Bluewater navy adds green, goes to water?

The Navy unveiled a major update of its energy policies ashore on Tuesday, calling for improved efficiency, greater conservation and increased use of renewable power to cut energy consumption in half at bases worldwide by the end of the decade.

Vice Admiral Phil Cullom, deputy chief of naval operations, said the first updated energy policy for shore installations in 18 years was aimed primarily at improving energy security for the Navy’s 70 bases and other facilities worldwide.

“Energy security is a strategic imperative and it applies to both ashore and afloat,” Cullom said in a telephone briefing on the policy. “The instruction that has just been published is … the latest example of how we’re driving a Spartan energy ethos.”

He did not say how much the Navy planned to invest toward reaching the goals of the new policy.

The Navy has established a goal of cutting its power consumption in installations ashore in half by 2020. The Navy also wants half of its energy to come from renewable sources by the end of the decade, and it wants half of its installations to be net-zero consumers of energy by then.

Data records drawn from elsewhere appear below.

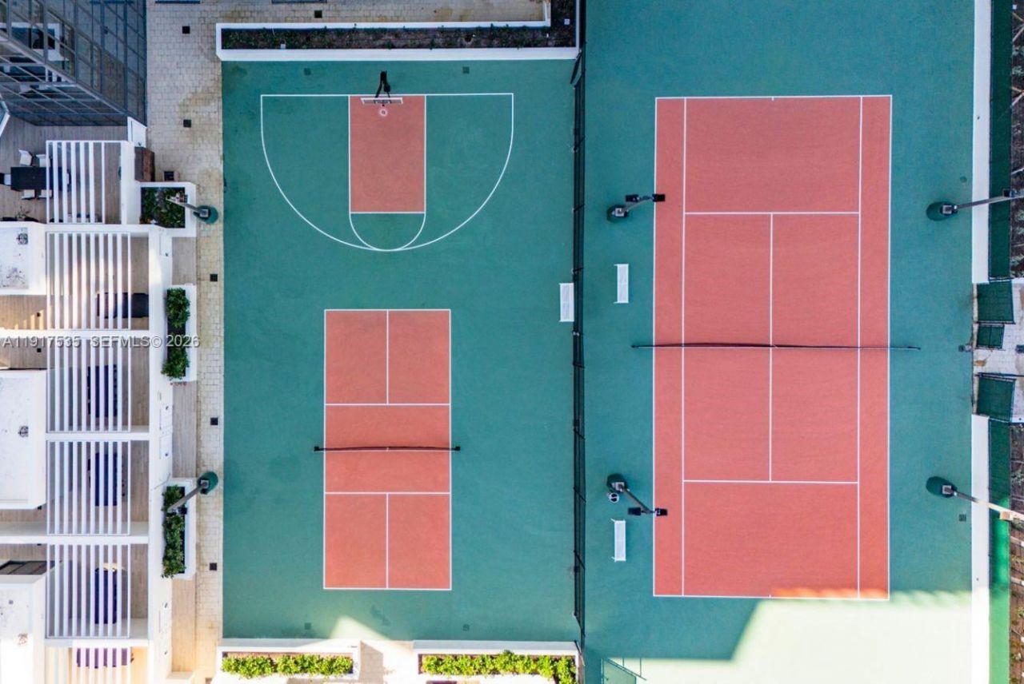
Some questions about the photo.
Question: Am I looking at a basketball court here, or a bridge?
basketball court
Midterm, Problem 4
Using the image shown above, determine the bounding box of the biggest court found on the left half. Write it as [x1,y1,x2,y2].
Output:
[222,60,573,643]
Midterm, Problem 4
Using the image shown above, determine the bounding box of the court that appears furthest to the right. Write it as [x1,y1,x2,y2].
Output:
[574,0,973,684]
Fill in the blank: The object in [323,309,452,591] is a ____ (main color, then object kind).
red sports court
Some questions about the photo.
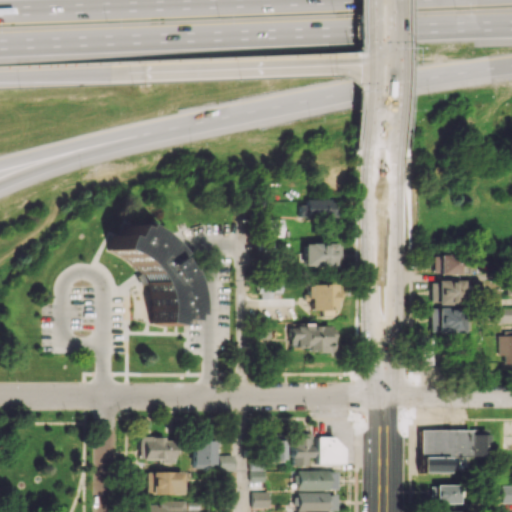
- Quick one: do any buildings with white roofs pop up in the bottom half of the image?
Yes
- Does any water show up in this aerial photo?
No
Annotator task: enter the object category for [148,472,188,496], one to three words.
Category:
house
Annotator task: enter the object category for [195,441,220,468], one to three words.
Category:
house
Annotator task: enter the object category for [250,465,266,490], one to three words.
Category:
building
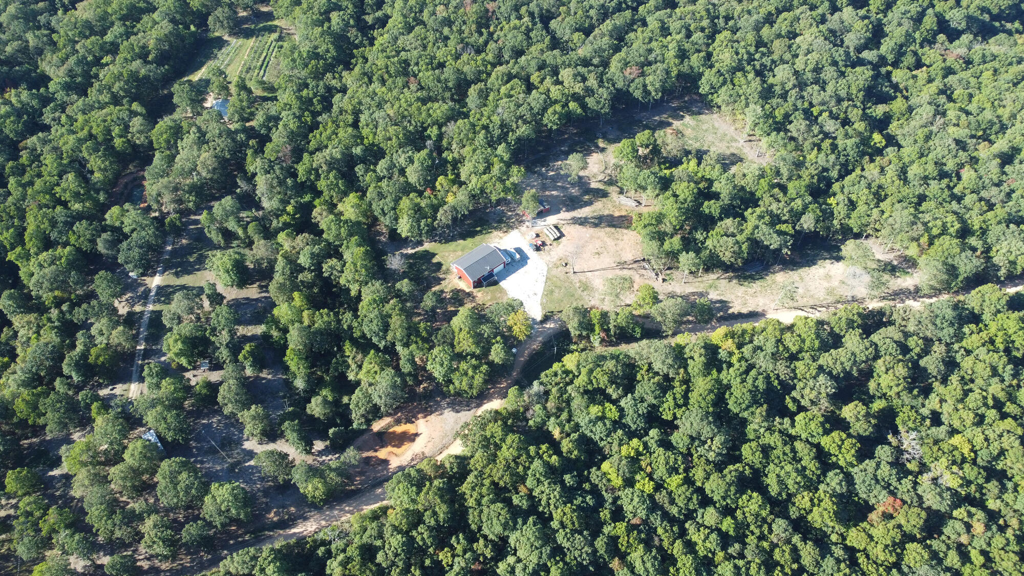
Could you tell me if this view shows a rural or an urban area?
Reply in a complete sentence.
The area is rural.
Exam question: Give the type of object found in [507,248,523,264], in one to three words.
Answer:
vehicle
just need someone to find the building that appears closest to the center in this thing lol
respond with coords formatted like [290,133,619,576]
[450,243,507,289]
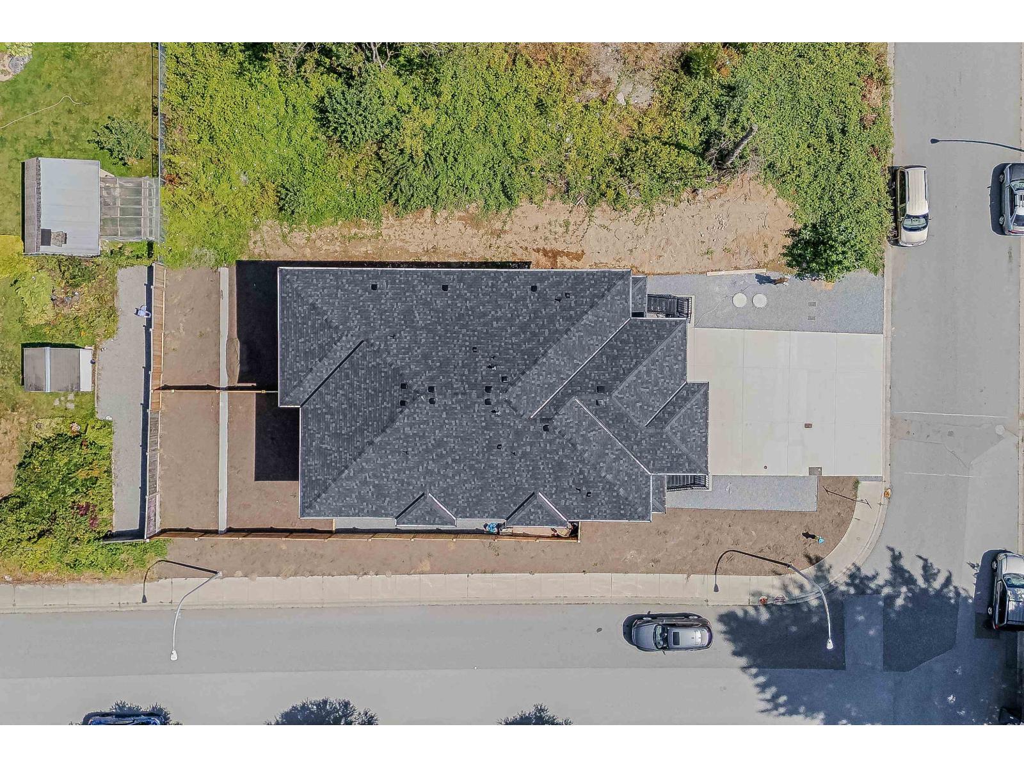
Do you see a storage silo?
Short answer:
No
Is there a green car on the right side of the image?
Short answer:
No
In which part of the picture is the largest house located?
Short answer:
center
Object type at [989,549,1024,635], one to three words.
car
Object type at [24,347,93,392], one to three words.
shed
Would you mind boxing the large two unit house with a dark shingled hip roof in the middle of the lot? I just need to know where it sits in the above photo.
[276,264,711,530]
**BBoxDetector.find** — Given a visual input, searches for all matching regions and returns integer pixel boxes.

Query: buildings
[24,347,93,392]
[276,264,711,530]
[24,155,114,260]
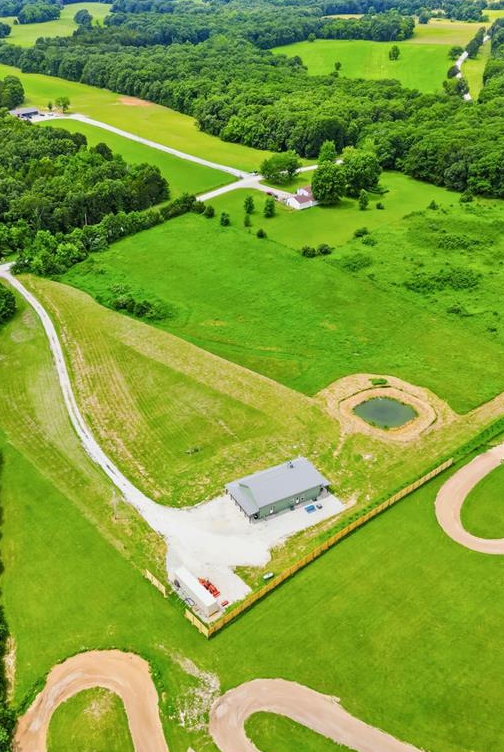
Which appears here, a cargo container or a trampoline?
cargo container
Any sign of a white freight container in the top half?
No
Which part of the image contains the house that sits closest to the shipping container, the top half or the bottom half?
bottom
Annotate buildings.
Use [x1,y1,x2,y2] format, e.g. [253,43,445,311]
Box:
[286,187,314,210]
[6,106,39,118]
[224,458,330,524]
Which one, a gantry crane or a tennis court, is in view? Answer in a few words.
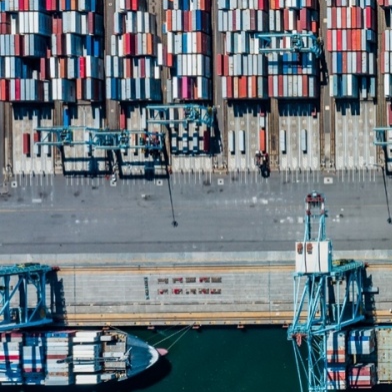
gantry crane
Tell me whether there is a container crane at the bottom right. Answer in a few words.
Yes
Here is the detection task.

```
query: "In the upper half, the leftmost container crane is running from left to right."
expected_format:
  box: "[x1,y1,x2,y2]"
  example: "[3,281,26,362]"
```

[30,125,108,152]
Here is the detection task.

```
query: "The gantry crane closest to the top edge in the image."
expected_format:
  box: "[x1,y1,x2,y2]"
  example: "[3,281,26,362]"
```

[257,33,325,64]
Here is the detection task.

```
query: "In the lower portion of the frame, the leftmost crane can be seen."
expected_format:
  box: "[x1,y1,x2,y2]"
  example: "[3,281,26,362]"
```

[0,260,69,346]
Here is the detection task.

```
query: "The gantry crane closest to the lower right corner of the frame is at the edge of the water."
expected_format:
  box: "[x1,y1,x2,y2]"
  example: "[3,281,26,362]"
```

[286,193,376,392]
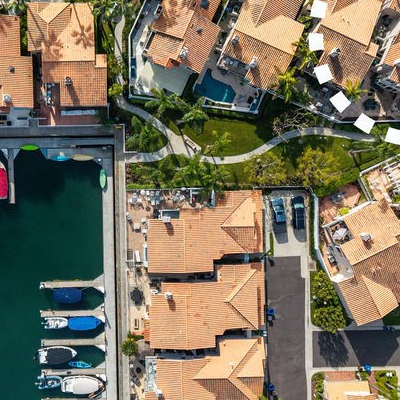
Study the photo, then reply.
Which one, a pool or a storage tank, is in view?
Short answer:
pool
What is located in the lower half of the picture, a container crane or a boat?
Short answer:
boat
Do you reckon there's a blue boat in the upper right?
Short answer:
No
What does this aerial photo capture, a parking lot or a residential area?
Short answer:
residential area
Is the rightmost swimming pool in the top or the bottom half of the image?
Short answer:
top
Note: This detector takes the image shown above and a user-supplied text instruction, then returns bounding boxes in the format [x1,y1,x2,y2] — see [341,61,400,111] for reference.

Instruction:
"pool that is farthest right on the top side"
[193,67,238,104]
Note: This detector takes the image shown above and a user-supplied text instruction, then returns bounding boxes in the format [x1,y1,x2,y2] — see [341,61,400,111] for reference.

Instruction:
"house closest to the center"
[143,190,263,272]
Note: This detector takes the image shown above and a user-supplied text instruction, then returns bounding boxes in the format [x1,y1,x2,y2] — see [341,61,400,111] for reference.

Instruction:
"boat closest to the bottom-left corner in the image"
[33,377,62,389]
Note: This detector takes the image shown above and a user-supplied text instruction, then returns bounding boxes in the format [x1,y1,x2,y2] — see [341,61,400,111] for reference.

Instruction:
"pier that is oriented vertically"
[41,150,113,400]

The goals are part of President Barack Obama’s “all-of-the-above” push to boost green energy production and reduce U.S. dependence on foreign oil. The administration set a goal in April for the Pentagon to produce three gigawatts of solar, wind and geothermal power on military bases by 2025.

The green energy drive came under fire in Congress after the Navy paid high prices for test batches of biofuel for use in jets and ships. It paid $424 a gallon in 2009 for an algae-based oil and nearly $27 a gallon for biofuels for next week’s first test of a Navy strike force powered mostly by alternative fuel.

Lawmakers angry over the cost are pushing legislation in Congress that would block the military from spending more on alternative fuels than it would pay for conventional petroleum.

Navy Secretary Ray Mabus has said the Navy does not plan to purchase operational quantities of biofuels until they can be bought at competitive prices.